* **Try it**: Which lines below contain "down"? Pull them out.

=== Section Start ===

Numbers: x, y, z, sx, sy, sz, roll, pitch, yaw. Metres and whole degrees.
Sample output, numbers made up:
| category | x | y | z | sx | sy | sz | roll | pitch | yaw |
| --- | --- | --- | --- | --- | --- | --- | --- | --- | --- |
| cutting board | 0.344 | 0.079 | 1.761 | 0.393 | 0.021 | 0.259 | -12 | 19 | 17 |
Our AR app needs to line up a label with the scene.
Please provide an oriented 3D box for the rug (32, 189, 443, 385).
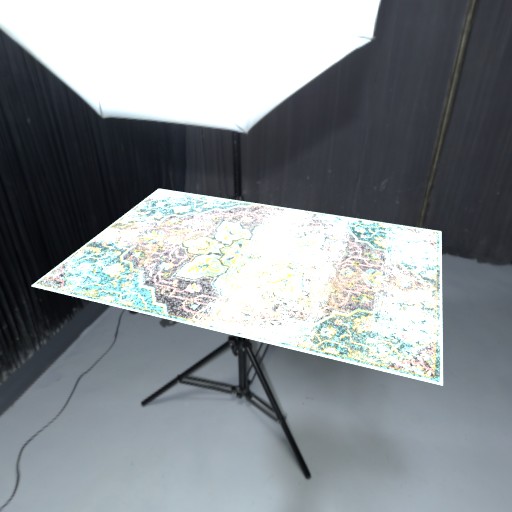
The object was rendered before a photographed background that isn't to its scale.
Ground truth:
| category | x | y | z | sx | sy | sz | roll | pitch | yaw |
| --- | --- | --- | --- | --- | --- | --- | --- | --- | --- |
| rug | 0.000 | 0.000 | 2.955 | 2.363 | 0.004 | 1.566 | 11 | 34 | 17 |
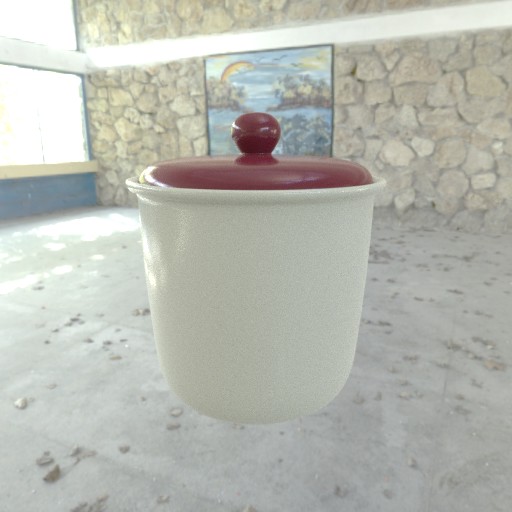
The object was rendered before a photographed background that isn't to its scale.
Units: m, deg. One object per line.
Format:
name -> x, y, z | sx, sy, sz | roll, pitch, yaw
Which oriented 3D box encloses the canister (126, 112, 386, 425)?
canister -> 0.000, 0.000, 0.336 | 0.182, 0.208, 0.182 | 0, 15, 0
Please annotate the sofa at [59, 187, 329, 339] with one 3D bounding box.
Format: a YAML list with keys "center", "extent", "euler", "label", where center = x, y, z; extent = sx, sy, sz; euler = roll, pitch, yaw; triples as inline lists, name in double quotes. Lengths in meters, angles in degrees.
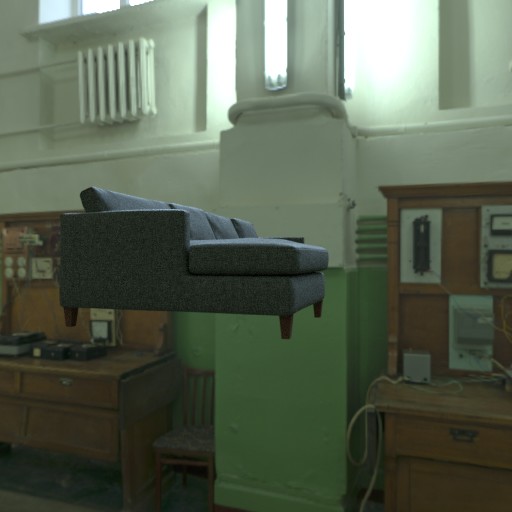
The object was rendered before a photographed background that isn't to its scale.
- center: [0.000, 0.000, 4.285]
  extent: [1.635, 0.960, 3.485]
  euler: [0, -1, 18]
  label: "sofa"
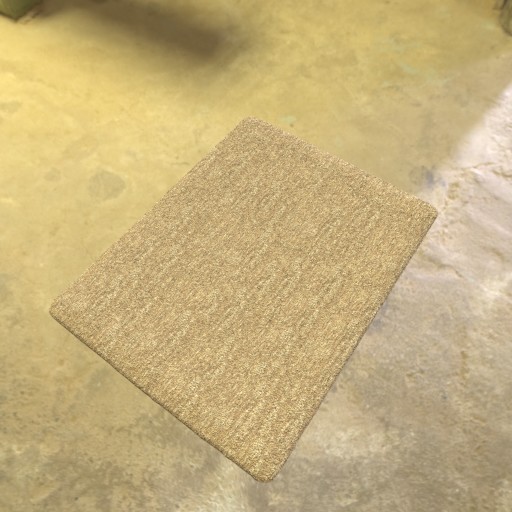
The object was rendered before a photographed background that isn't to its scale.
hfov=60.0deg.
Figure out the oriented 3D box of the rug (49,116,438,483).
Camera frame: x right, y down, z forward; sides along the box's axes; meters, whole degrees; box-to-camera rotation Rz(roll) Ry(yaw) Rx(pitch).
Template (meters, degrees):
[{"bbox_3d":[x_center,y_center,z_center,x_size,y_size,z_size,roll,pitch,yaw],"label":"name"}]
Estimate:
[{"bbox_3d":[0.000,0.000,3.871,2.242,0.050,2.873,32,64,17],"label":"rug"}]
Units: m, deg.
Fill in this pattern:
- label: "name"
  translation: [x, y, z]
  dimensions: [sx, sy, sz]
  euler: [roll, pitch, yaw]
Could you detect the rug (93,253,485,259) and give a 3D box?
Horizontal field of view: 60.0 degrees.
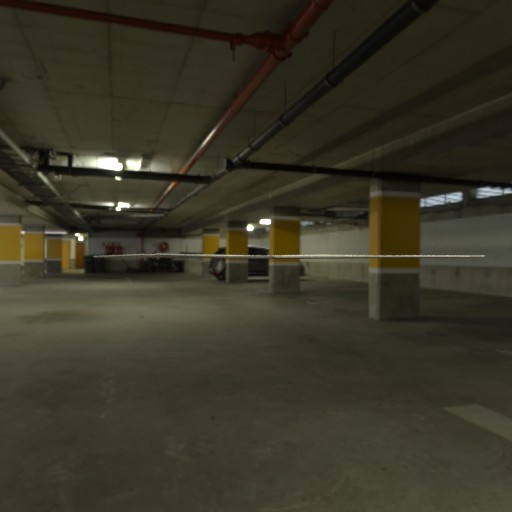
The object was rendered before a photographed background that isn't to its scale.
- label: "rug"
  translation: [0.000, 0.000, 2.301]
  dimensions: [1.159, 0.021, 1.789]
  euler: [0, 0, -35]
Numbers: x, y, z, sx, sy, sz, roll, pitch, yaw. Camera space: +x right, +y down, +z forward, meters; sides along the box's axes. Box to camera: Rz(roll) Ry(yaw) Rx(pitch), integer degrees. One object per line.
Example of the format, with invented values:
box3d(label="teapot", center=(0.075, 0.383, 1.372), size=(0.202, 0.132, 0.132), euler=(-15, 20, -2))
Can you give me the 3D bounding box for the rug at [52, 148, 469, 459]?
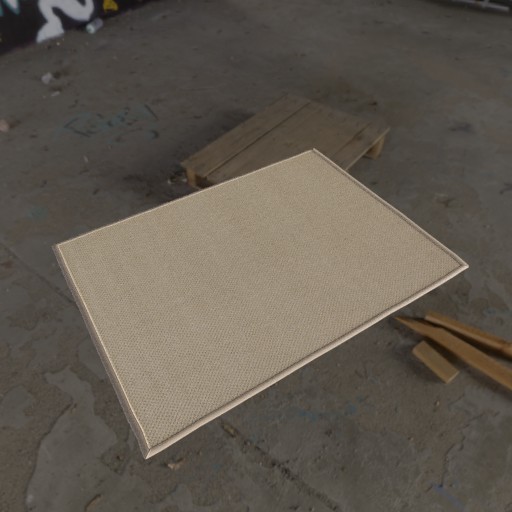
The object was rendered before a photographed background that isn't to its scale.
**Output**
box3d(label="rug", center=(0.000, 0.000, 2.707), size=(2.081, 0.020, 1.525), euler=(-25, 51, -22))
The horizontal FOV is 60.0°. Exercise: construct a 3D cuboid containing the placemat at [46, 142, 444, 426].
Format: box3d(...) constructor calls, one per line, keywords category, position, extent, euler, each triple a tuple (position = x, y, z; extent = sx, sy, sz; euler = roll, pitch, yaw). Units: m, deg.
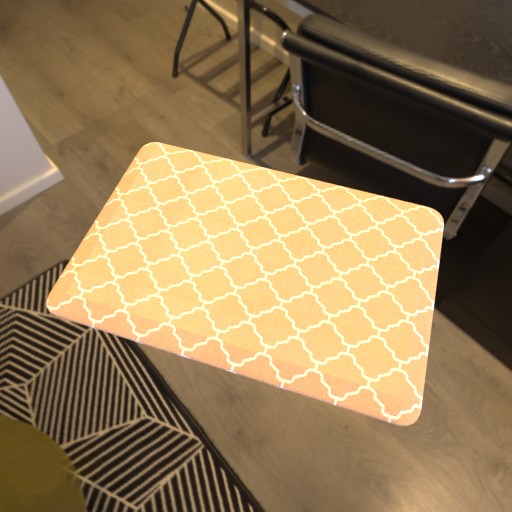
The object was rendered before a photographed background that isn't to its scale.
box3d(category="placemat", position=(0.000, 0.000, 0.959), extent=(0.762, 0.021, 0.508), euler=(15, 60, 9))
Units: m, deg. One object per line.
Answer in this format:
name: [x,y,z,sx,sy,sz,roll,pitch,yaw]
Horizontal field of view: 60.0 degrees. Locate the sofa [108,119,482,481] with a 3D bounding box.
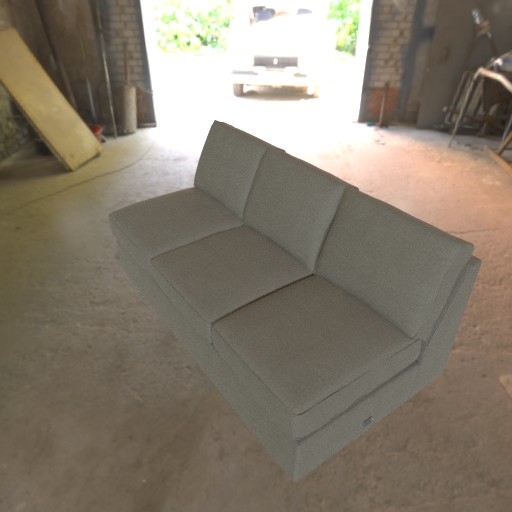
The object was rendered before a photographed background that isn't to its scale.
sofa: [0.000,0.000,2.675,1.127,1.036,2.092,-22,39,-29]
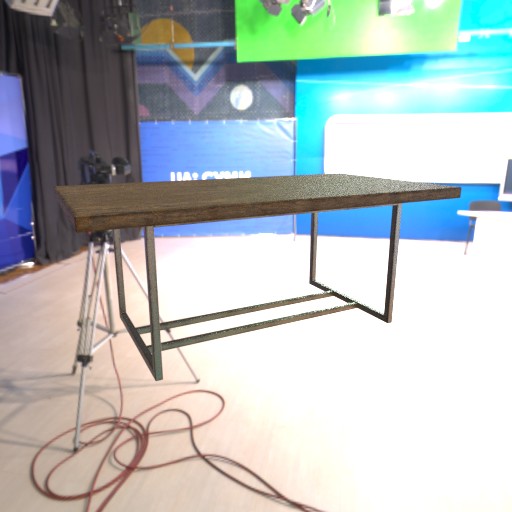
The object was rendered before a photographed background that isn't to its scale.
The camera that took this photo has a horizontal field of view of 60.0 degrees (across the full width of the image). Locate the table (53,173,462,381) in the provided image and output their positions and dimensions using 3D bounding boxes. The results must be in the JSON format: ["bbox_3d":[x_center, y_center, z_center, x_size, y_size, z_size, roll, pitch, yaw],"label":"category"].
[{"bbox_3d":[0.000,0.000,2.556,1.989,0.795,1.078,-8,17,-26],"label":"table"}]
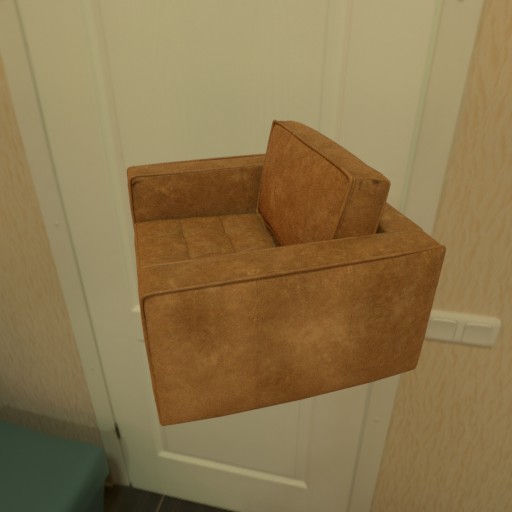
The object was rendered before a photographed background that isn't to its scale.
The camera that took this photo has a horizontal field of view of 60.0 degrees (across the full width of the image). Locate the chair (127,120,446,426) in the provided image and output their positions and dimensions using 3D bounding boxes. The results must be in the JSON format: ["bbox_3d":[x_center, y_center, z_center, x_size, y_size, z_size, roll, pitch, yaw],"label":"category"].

=== Section End ===

* **Reply**:
Camera frame: x right, y down, z forward; sides along the box's axes; meters, whole degrees; box-to-camera rotation Rz(roll) Ry(yaw) Rx(pitch).
Numbers: x, y, z, sx, sy, sz, roll, pitch, yaw. Camera space: +x right, +y down, +z forward, meters; sides along the box's axes. Box to camera: Rz(roll) Ry(yaw) Rx(pitch), integer degrees. One object per line.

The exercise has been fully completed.